Невод как метод реальность легко и разом
выменять на что-нибудь, что не будет ранить –
блеф, потому что невод рукою связан,
стало быть, из узелков состоит. Как память.

Пьер Безглазов

Я – Пьер Безглазов, я потомок П. Безухова.
В моих очках диоптрий больше, чем прописано,
но я слепец, о чем судьба моя пронюхала
и познакомила с тобою. Ты актриса на
канале с мистикой и помпой, но без рейтинга.
Ты не Ростова, но зачем-то так представилась,
а я в ответ сказал, что Пьер, но можно – Петенька.
Прости, но легче было б, если б ты преставилась.
Ты колко шутишь, одеваешься с иголочки,
танцуешь в клубах и хватить не дура лишнего –
а я люблю тебя, люблю как пишут в стол, очки
раскокав, чтоб не возлюбить другого ближнего.
Ты, матерясь, предпочитаешь русский инглишу.
Твой поставщик кино и кухни – город Токио.

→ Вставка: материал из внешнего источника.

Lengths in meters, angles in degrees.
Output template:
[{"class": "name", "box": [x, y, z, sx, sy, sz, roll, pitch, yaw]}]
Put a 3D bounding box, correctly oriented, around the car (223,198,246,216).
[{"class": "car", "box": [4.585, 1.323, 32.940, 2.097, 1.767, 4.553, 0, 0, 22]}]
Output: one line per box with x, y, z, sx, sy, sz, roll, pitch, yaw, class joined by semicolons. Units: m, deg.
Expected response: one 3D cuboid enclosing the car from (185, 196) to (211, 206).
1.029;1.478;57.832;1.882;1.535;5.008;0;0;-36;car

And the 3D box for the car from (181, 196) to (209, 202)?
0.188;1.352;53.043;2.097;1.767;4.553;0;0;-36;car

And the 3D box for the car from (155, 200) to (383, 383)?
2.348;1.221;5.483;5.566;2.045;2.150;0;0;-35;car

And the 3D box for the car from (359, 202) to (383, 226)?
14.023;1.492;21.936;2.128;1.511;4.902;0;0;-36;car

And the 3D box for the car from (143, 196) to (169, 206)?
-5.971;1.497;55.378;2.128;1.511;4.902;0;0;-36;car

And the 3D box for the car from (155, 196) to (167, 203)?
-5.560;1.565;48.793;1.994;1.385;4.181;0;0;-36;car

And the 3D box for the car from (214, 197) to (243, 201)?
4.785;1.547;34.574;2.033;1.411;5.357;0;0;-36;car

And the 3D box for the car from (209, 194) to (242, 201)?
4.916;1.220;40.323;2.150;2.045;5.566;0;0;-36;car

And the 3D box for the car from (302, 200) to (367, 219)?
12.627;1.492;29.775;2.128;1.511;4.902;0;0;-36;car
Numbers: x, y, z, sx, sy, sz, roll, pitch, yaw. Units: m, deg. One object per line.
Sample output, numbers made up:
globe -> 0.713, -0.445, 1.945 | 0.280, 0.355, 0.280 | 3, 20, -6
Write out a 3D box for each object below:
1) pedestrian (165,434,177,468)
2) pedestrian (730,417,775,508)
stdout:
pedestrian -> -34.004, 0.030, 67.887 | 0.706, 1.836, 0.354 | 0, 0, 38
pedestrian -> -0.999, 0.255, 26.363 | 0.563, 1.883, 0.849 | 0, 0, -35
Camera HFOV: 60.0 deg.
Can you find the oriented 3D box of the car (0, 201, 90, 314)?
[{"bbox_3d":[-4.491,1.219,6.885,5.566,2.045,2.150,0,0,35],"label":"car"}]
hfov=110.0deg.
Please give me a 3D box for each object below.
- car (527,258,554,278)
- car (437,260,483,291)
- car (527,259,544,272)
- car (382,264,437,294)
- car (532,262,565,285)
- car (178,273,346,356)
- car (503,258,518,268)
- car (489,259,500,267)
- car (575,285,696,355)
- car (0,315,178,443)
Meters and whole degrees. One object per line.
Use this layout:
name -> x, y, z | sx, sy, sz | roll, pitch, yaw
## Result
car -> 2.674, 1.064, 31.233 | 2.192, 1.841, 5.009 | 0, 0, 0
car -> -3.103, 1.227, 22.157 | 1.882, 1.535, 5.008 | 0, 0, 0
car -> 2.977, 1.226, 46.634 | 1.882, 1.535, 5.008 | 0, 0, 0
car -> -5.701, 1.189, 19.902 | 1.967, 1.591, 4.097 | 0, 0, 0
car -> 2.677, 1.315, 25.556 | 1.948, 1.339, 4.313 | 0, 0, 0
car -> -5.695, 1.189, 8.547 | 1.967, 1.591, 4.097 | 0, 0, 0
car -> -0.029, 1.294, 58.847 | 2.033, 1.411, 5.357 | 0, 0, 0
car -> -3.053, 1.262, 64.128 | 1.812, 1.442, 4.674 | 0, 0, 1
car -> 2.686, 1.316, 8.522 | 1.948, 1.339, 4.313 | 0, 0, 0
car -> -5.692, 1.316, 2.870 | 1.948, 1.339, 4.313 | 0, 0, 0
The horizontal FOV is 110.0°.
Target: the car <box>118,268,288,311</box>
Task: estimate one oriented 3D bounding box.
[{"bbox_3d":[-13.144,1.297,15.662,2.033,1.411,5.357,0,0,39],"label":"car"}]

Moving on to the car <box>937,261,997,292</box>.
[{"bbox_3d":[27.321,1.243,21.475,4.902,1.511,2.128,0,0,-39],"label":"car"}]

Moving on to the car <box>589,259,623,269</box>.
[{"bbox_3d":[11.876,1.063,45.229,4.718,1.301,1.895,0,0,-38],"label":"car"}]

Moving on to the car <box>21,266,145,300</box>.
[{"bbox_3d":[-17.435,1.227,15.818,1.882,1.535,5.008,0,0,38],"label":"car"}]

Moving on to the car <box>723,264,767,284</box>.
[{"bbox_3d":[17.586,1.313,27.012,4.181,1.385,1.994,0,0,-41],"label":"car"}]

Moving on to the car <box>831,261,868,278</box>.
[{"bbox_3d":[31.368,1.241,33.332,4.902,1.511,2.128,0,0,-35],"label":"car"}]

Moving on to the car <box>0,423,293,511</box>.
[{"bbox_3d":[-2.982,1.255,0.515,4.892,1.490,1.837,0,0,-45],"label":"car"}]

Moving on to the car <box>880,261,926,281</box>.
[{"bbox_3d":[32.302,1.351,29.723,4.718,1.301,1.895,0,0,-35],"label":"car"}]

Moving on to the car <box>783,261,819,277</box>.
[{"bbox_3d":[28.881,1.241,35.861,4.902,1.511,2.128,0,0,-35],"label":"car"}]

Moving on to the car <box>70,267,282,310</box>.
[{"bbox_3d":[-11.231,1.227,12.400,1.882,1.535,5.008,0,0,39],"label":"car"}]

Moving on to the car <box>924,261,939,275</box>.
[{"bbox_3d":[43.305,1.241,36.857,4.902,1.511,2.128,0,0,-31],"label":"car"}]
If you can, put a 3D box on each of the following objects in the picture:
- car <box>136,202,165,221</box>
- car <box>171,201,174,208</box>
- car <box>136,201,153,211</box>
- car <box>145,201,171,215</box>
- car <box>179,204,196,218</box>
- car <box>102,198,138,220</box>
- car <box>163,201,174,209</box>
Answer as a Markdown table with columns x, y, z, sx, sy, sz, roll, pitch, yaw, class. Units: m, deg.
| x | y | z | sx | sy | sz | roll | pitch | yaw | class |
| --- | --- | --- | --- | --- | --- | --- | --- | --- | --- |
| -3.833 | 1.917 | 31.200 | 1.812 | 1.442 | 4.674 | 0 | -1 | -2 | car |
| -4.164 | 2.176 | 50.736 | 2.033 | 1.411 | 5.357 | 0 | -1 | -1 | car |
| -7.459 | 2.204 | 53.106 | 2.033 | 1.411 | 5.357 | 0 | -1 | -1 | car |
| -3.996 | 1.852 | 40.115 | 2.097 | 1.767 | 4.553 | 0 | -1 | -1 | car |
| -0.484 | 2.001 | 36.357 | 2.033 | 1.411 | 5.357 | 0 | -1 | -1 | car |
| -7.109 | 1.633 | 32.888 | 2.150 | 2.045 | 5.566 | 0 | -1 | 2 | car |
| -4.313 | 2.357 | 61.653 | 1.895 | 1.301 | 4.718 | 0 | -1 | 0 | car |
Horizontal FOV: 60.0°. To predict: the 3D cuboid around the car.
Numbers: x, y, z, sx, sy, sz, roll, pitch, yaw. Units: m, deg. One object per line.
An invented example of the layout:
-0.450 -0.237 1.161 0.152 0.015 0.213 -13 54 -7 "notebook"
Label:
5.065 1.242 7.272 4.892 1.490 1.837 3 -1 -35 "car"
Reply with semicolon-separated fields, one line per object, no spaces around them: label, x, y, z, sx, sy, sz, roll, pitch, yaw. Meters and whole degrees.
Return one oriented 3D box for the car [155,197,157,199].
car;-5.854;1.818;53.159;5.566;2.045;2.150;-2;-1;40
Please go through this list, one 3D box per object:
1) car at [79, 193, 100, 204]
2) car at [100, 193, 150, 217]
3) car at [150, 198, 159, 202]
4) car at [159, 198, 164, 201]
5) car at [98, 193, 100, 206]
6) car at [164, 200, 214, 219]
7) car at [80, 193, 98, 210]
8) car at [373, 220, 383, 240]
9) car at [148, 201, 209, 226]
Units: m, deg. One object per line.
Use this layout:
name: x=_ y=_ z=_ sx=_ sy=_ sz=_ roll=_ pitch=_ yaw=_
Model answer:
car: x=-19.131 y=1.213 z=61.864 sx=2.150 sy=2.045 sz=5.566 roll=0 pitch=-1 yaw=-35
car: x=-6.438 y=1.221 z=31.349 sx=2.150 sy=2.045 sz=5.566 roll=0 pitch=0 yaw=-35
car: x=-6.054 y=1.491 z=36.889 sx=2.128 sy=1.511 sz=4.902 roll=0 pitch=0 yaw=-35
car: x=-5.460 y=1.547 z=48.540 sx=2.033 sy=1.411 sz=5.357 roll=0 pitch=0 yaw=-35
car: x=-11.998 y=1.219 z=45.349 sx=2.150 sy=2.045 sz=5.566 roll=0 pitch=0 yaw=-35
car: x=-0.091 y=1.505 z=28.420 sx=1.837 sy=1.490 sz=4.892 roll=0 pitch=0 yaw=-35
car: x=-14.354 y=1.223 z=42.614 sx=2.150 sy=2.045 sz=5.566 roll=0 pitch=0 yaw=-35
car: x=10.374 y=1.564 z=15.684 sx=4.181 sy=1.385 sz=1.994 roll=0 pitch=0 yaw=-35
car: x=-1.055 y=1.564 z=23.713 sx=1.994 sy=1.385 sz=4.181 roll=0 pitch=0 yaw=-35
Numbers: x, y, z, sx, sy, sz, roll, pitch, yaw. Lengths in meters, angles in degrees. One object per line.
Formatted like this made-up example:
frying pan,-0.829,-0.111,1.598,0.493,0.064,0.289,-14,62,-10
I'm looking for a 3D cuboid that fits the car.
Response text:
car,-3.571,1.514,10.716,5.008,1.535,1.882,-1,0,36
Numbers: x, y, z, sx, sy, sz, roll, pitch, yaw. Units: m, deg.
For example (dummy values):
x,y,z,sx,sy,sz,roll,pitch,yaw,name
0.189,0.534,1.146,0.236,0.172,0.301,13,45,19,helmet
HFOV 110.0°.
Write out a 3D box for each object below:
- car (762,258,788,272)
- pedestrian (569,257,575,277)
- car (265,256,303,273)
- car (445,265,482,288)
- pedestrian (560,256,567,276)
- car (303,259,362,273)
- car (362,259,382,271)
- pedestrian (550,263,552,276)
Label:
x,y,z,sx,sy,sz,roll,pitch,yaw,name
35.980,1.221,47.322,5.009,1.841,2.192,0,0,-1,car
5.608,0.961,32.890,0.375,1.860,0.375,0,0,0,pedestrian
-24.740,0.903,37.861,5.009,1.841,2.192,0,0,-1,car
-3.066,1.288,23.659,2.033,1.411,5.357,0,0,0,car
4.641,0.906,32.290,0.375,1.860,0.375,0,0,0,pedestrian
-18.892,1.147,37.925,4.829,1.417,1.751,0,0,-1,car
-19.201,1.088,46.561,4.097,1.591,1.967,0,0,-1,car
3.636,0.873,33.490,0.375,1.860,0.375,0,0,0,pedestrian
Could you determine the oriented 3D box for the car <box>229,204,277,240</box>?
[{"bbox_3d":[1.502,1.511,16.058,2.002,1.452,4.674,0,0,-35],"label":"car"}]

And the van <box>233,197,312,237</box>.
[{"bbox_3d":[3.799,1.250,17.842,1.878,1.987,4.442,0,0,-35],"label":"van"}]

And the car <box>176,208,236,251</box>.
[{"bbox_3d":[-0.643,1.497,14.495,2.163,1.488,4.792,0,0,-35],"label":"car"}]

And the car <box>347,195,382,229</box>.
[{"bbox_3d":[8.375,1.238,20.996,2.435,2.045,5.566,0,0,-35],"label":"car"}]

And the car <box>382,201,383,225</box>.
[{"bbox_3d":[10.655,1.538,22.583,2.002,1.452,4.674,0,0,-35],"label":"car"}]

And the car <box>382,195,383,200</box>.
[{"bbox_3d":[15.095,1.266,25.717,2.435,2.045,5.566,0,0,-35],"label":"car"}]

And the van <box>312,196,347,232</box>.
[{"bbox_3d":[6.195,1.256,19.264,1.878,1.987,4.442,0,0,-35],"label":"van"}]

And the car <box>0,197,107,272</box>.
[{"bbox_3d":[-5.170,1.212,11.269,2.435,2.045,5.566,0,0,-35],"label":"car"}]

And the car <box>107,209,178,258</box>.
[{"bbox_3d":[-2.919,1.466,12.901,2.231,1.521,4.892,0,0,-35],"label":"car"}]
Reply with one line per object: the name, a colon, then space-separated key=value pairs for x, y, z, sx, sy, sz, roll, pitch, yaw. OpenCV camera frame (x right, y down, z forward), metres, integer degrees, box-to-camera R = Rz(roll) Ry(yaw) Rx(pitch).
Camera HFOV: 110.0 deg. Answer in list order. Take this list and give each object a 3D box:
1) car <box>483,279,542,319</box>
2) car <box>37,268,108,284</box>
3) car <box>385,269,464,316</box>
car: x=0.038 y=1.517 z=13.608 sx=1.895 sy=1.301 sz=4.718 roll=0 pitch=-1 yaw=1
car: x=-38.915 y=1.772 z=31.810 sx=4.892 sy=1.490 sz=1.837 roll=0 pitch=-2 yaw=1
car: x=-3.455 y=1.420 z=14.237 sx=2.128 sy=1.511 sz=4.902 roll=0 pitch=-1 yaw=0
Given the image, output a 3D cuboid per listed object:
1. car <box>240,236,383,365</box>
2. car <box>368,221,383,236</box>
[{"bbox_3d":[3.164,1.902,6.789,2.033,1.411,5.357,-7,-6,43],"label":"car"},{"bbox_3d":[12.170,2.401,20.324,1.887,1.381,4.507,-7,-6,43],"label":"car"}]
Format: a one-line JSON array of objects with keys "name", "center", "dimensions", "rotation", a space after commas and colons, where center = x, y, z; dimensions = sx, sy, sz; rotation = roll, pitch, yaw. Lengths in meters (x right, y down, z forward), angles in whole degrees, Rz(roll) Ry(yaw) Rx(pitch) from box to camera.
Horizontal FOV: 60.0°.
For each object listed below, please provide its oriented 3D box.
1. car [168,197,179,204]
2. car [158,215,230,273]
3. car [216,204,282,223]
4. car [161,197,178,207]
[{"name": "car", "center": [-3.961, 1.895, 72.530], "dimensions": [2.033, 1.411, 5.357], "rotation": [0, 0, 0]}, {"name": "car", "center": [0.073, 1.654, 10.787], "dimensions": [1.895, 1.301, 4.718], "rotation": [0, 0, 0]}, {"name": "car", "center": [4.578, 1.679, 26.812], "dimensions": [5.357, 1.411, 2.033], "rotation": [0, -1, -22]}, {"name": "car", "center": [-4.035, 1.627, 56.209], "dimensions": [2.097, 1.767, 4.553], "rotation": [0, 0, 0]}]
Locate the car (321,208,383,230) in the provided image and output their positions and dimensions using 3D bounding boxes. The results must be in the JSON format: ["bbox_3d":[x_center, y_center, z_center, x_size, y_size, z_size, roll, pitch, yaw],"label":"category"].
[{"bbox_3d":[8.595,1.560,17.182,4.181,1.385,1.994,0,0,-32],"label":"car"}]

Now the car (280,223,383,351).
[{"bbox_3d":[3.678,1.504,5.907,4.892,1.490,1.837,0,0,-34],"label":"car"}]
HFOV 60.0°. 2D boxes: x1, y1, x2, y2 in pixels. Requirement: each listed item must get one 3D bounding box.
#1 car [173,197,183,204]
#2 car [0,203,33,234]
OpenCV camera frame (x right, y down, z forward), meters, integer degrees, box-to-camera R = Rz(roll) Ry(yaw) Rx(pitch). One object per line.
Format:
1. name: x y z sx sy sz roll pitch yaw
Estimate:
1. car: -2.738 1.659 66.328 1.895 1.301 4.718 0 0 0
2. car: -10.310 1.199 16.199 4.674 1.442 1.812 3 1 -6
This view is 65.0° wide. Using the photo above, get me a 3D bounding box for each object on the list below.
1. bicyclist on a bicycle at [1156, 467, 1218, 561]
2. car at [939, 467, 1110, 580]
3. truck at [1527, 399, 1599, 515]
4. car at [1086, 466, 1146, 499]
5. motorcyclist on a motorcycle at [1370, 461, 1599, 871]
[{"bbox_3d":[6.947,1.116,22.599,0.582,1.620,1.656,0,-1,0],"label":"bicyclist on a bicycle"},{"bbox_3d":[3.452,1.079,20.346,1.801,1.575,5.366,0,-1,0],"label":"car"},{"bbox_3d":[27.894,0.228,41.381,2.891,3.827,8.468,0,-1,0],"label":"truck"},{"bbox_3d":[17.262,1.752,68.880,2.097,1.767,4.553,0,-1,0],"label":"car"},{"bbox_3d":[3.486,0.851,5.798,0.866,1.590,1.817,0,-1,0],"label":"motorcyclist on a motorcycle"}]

А я – с порядочным пробегом, хоть и выгляжу
большим дитем, большим буквально – аж под сто кило.
Я из новелл Эдгара По – вокруг смыкаются
четыре плоскости тебя, шипя: сломай тиски!
По части пыток ты искусна и смекалиста,
и за глаза меня зовешь дон-дон Ламанчский.
Я – самолет бумажный, ты – круженье аиста.
Кофейня ты, а я таблица умножения,
где в каждой строчке – стопроцентное неравенство
и ни намека на успех и отношения.
Ты счет часам ведешь ресницами от мэйбелин,
я, по-толстовски, укрощаю тело рубищем.
Я – книжный шкаф, ты – помещение без мебели,
о чем угодно эхо в нем, но не о будущем.